Bug 202537
Summary: | amdgpu/DC failed to reserve new abo buffer before flip | ||
---|---|---|---|
Product: | Drivers | Reporter: | Bernd Steinhauser (linux) |
Component: | Video(DRI - non Intel) | Assignee: | drivers_video-dri |
Status: | NEW --- | ||
Severity: | normal | CC: | christian.koenig, harry.wentland, nicholas.kazlauskas, pmenzel+bugzilla.kernel.org |
Priority: | P1 | ||
Hardware: | All | ||
OS: | Linux | ||
Kernel Version: | 4.20 | Subsystem: | |
Regression: | No | Bisected commit-id: | |
Attachments: |
kernel messages
kmemleak output with 4.20.6 kmemleak output with 5.0-rc6 kmemleak output with 4.19.0-rc1 5d35ed4832da |
Description
Bernd Steinhauser
2019-02-09 14:17:05 UTC
Created attachment 281077 [details]
kernel messages
Yeah, looks like a memory leak.

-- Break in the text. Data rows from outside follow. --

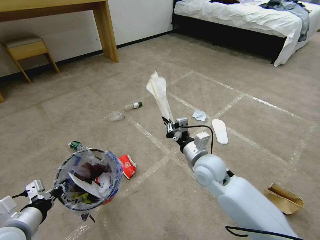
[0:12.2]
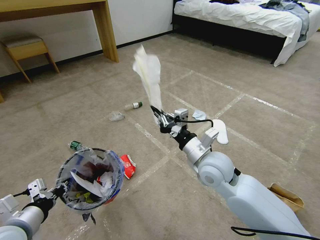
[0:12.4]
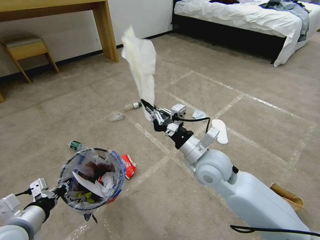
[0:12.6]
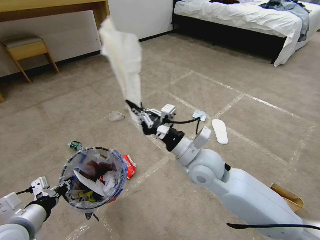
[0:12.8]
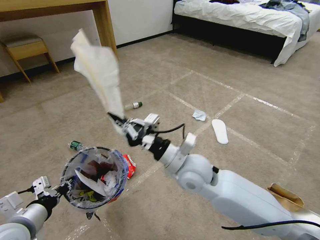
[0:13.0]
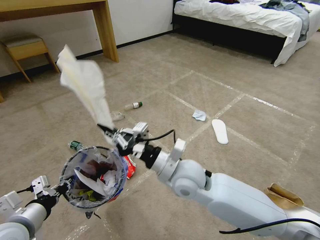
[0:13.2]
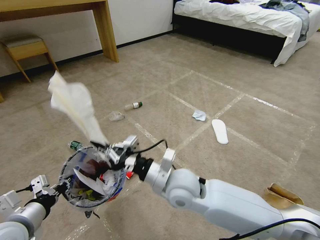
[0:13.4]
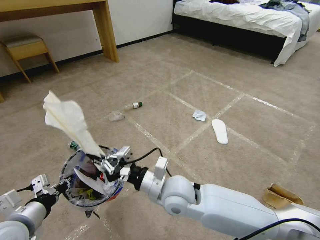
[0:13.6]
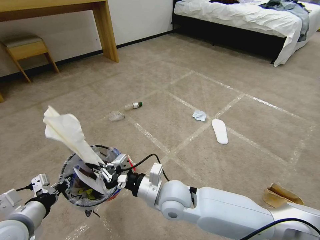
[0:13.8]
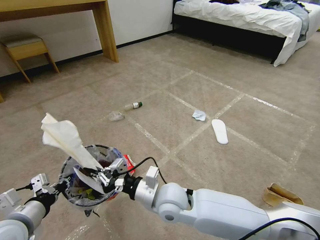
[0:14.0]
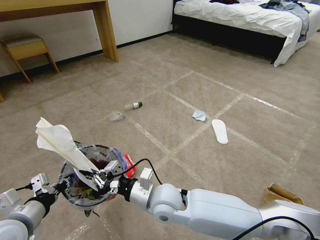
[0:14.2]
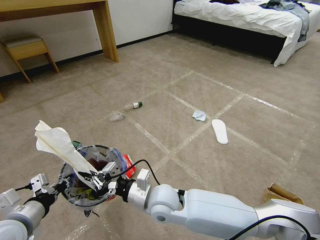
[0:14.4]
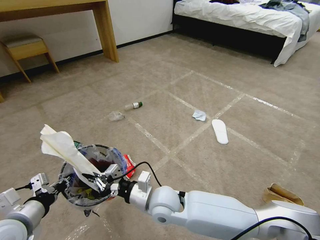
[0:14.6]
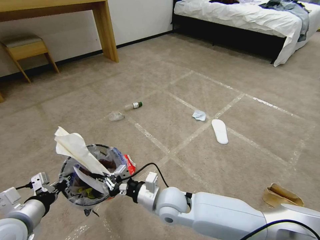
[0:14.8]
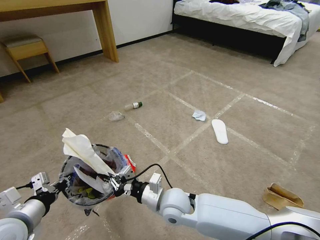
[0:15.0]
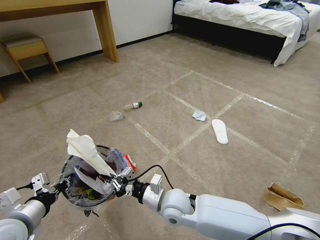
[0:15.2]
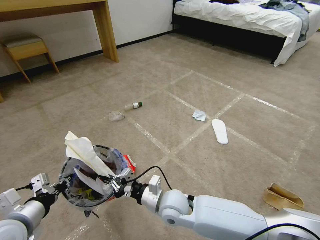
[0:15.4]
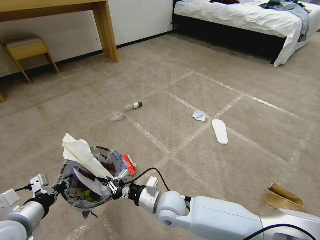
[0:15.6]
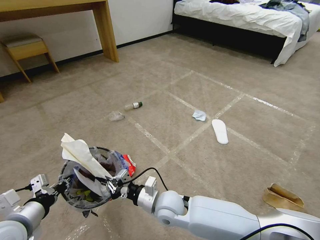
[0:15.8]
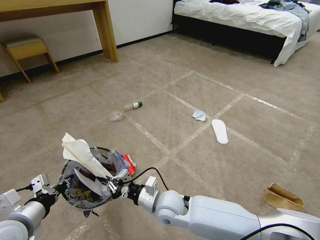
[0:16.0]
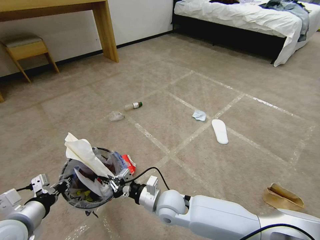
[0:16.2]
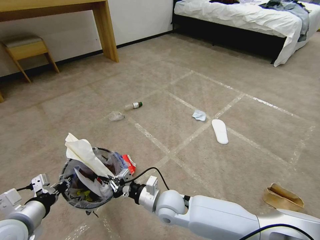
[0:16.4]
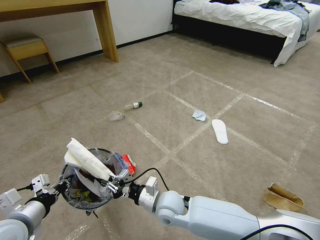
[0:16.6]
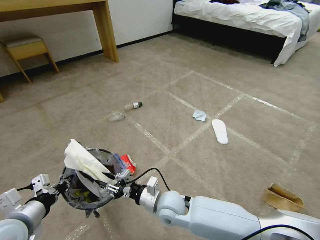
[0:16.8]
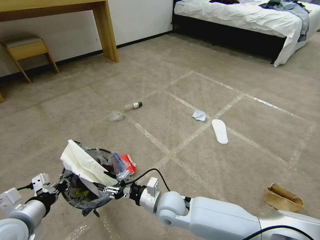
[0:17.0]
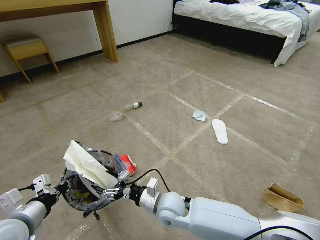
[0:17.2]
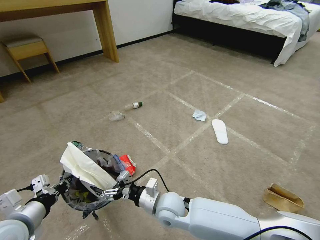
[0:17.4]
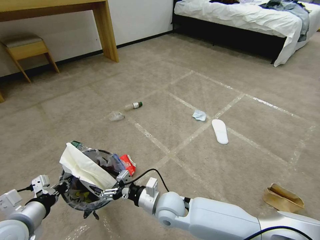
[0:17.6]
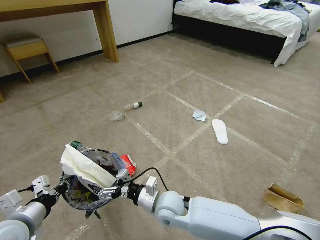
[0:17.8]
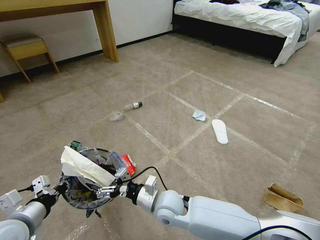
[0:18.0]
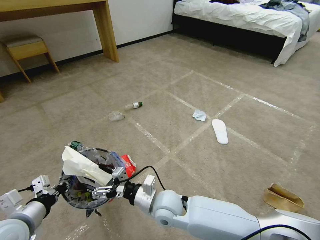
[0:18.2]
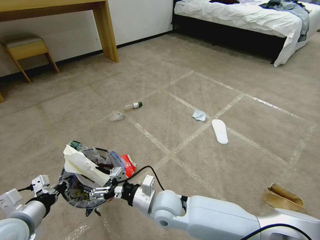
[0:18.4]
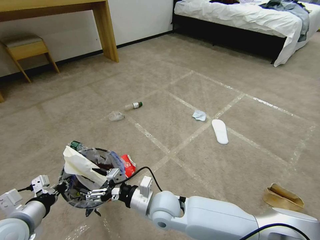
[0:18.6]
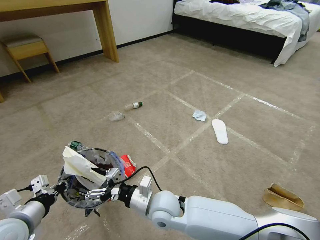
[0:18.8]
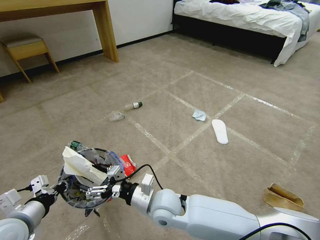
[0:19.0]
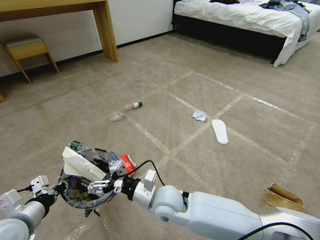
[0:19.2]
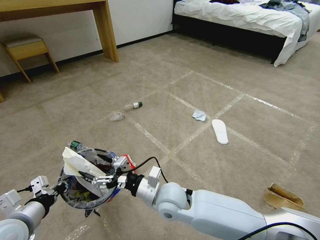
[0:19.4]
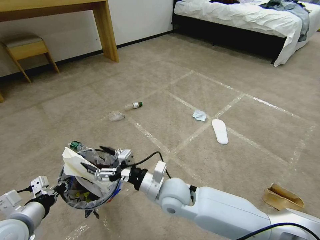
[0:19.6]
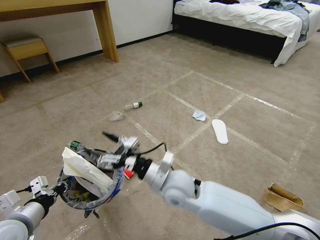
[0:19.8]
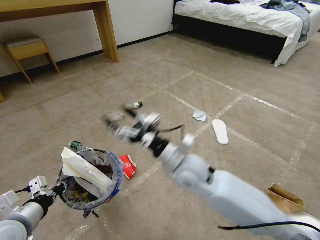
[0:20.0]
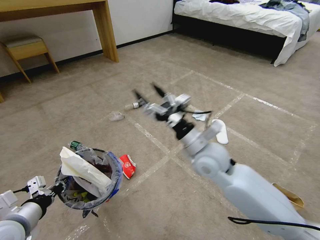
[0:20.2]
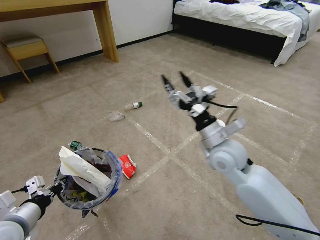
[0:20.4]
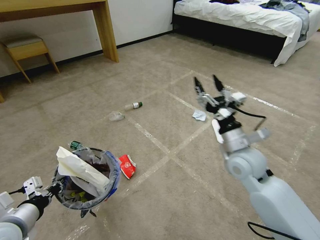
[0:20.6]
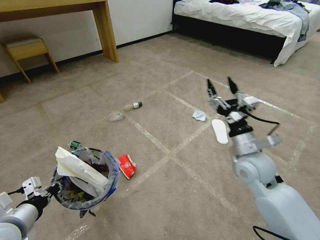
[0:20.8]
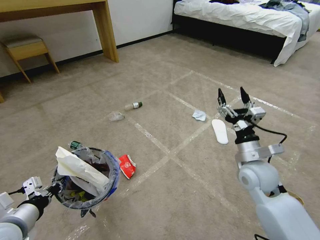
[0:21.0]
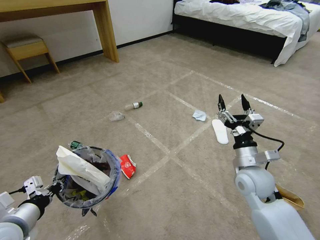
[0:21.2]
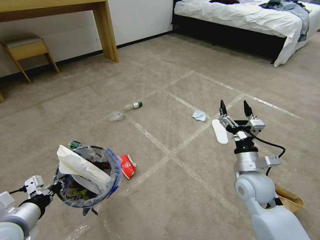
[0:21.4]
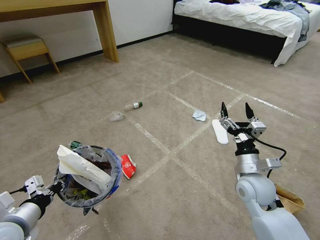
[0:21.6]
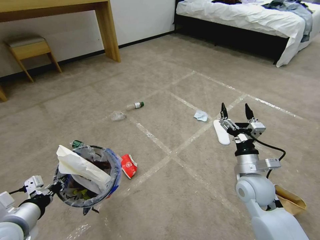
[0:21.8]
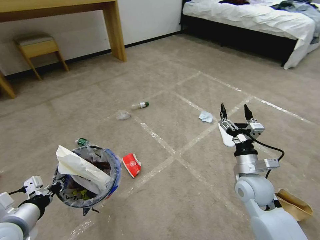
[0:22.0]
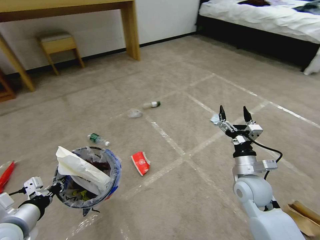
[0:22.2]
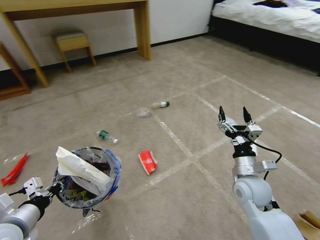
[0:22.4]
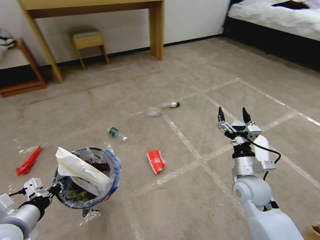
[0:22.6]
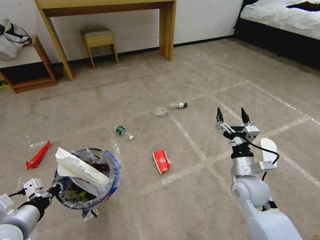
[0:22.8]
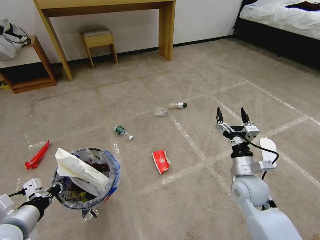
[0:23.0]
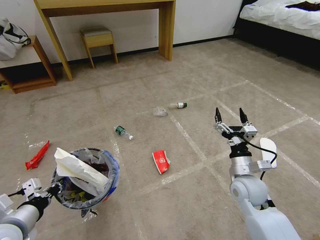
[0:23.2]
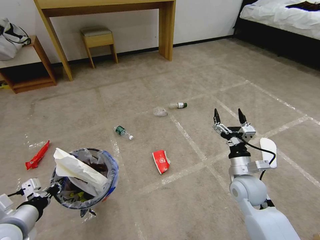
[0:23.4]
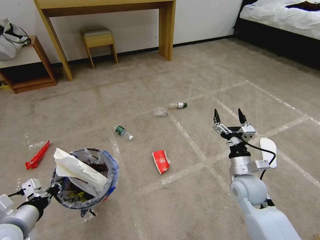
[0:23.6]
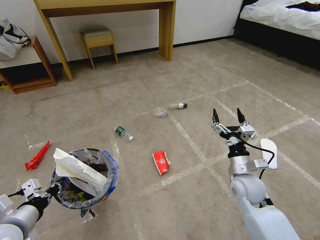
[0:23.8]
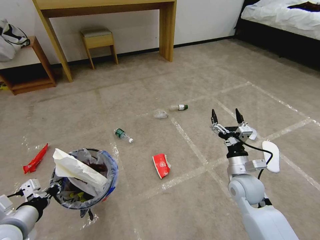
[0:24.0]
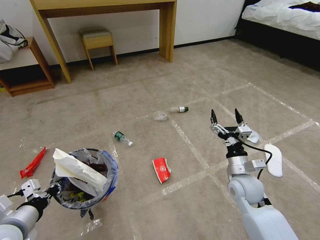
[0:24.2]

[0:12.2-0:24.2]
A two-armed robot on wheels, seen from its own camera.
Task of the whole recording: Pick up the trash bin and place the garbage on the floor into it.
0:12.2 to 0:13.8: The right gripper heads to the left and backward, covering about 15 cm.
0:13.8 to 0:15.2: The right gripper heads downward, covering approximately 5 cm.
0:15.2 to 0:16.6: There are only small adjustments of the grippers.
0:16.6 to 0:18.2: The right gripper opens.
0:18.2 to 0:19.8: The right gripper heads upward, covering approximately 5 cm.
0:19.8 to 0:21.2: The right gripper shifts some 25 cm to the right.

Please bisect and/or provide kmemleak output, otherwise it might be difficult to make progress on this issue. Sure, I can try to bisect it, but it would help if I could narrow the amount of commits down, because usually the problem doesn't come right away, so it would take some time to find out. e.g. restricting to commits made in drivers/gpu/drm/amd would result in about 8 steps instead of 13. It would really help if I could narrow it even down further, like a subset of files? drivers/gpu/drm/amd/display/ seems likely. Even if the result from that doesn't make sense, it should at least narrow down the other commits you need to test. Or maybe just start with kmemleak? I'll have a look at kmemleak, but I've never worked with it, so it would be nice to have a backup in case I don't get along with it. ;) Created attachment 281105 [details]
kmemleak output with 4.20.6
So I let kmemleak do a scan and this is the output.
In case it matters, I let mpv render a video with hwdec vaapi, since that is how I first noticed that something's going wrong.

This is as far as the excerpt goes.